Lilia Luciano chronicled Hurricane Irene for NBC’s Nightly News with Brian Williams, Today Show, MSNBC, The Weather Channel, CNBC, and Telemundo from Nassau, the Bahamas in August 2011. She then moved on to report on the storm’s destruction in North Carolina. She reported the Casey Anthony first-degree murder trial in Orlando, Florida for MSNBC and the TIME show in the summer of 2011. Throughout the six-week trial, she reported live from the Orange County courthouse. She presented a special breaking news story on MSNBC at midnight on July 17 to announce Anthony’s release from jail. Luciano was the only major network national journalist to cover Joran Van der Sloot’s murder trial in Lima, Peru, for both Today and Telemundo, securing exclusive interviews with the victim’s family and Lima government officials.

Luciano covered the first-degree murder trial of University of Virginia Lacrosse captain George Huguely, who was convicted in the death of his lover Yeardly Love, for Today, MSNBC, and Comcast Sports on February 22, 2012.

The case of Trayvon Martin

She was one of the national tv reporters covering the Trayvon Martin case in Sanford, Florida.
After it was discovered that the audio portion of George Zimmerman’s 9-1-1 call, reporting a potential burglary, was edited in a way that made Zimmerman sound racist by making an unprompted statement that Martin was black instead of answering the 911 dispatcher’s questions, Luciano was fired from NBC News on May 2, 2012.
NBC fired the producer in charge of editing the segment, as well as Luciano, for the error.
The incorrect alteration was deleted from all of Luciano’s coverage on the Trayvon Martin case on the Today website.

The edit, conducted by a Miami-based producer, was “a mistake and not a premeditated attempt to distort the phone call,” according to News president Steve Capus. It was done, according to the network, to satisfy a maximum time limit for the item, which is a regular strain in morning television. The producer was dismissed as a result of the blunder, and NBC News apologized for it on the air, claiming it was an “editing error in the production process.”

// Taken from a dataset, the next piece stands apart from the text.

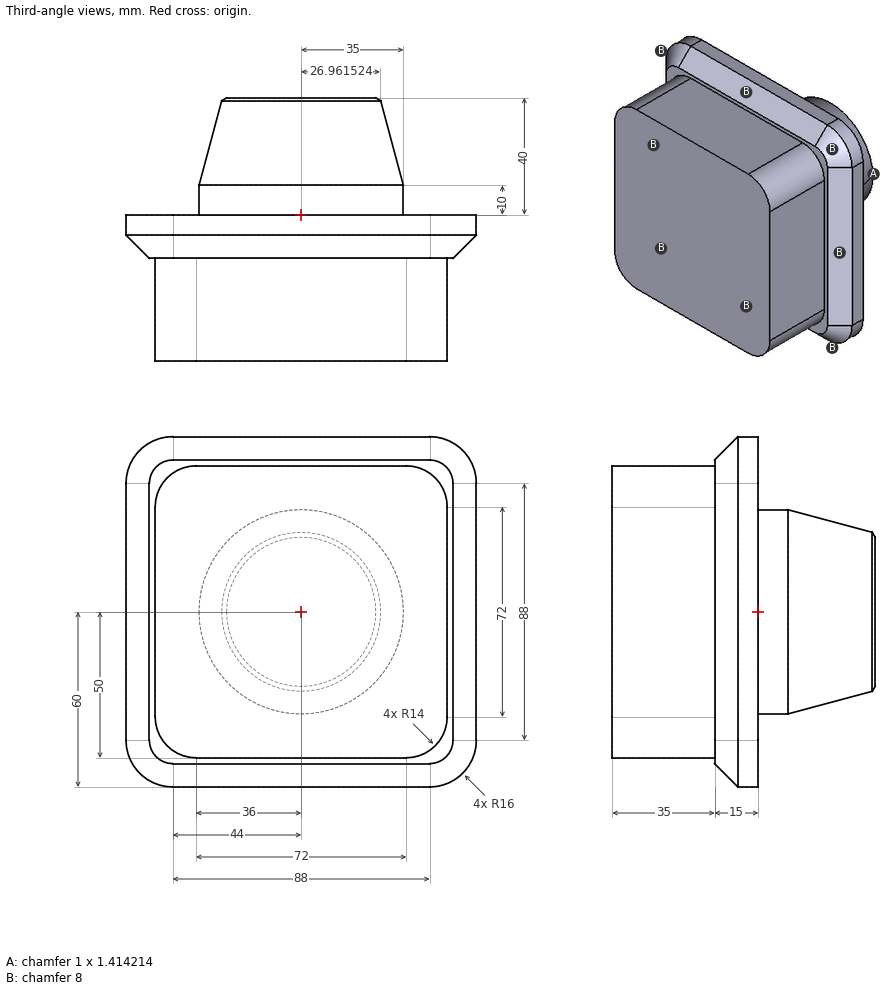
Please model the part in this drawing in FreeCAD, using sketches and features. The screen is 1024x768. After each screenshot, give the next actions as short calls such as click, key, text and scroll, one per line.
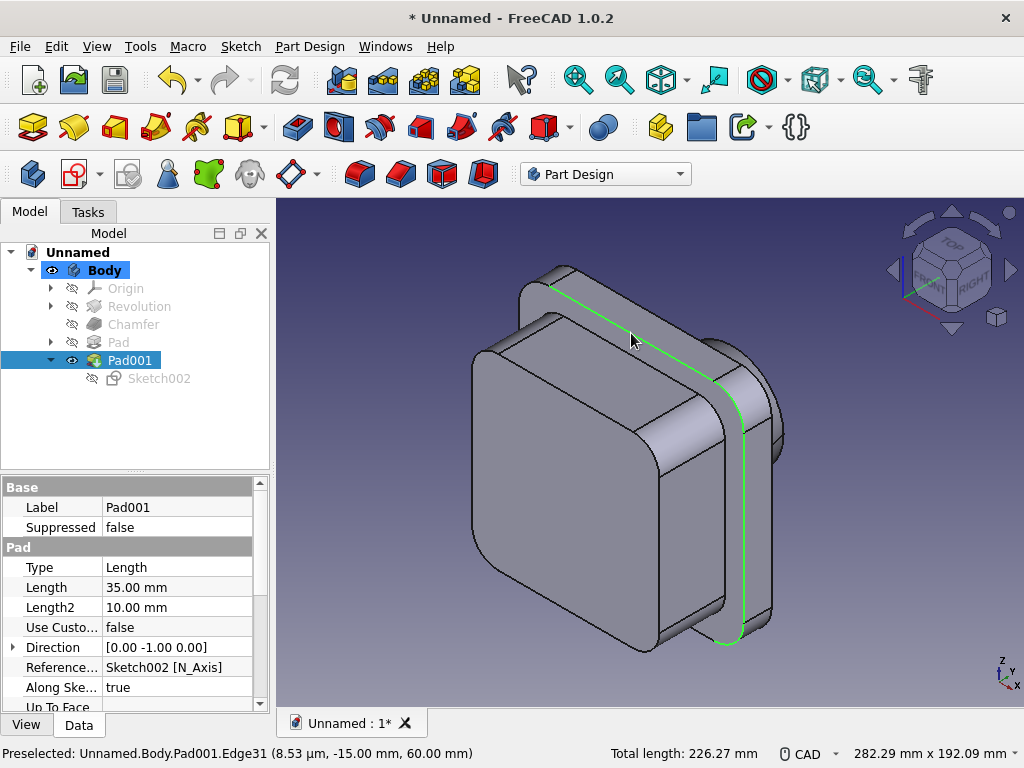
click(531, 281, ctrl)

On December 6, 2012, Luciano was listed as a defendant in a defamation lawsuit brought by George Zimmerman against NBC for erroneously editing and broadcasting his 911 call in order to promote a misleading narrative.
On July 13, 2013, Zimmerman’s criminal trial ended with a “not guilty” jury judgment and acquittal, enabling his lawsuit to move forward. Zimmerman’s case against NBC was dismissed in Florida courts, as was his later appeal.
Luciano has been a member of the United Nations Foundation Girl Up Campaign’s Advisory Board since 2013. She’s a speaker in the “Today I Am Brave” series.

She was a supporter and partner with St. Jude Children’s Research Hospital and Walk Now for Autism in 2010, as well as a spokesman for the Univision and Bill Gates Foundation’s “Es El Momento” Education Campaign. Guerras Ajenas, HBO Latinoamérica’s debut documentary feature, is directed and produced by Luciano.

Recognition

Luciano received a National Walter Cronkite Award for Excellence in Journalism and a Regional Edward R. Murrow Award for Continuous Coverage of the Northern California Wildfires in 2018 for her documentary, Puerto Rico Rises. Luciano has won five Emmys in Northern California.
Luciano was born in San Juan, Puerto Rico, and studied pre-medicine at Tufts University in Massachusetts.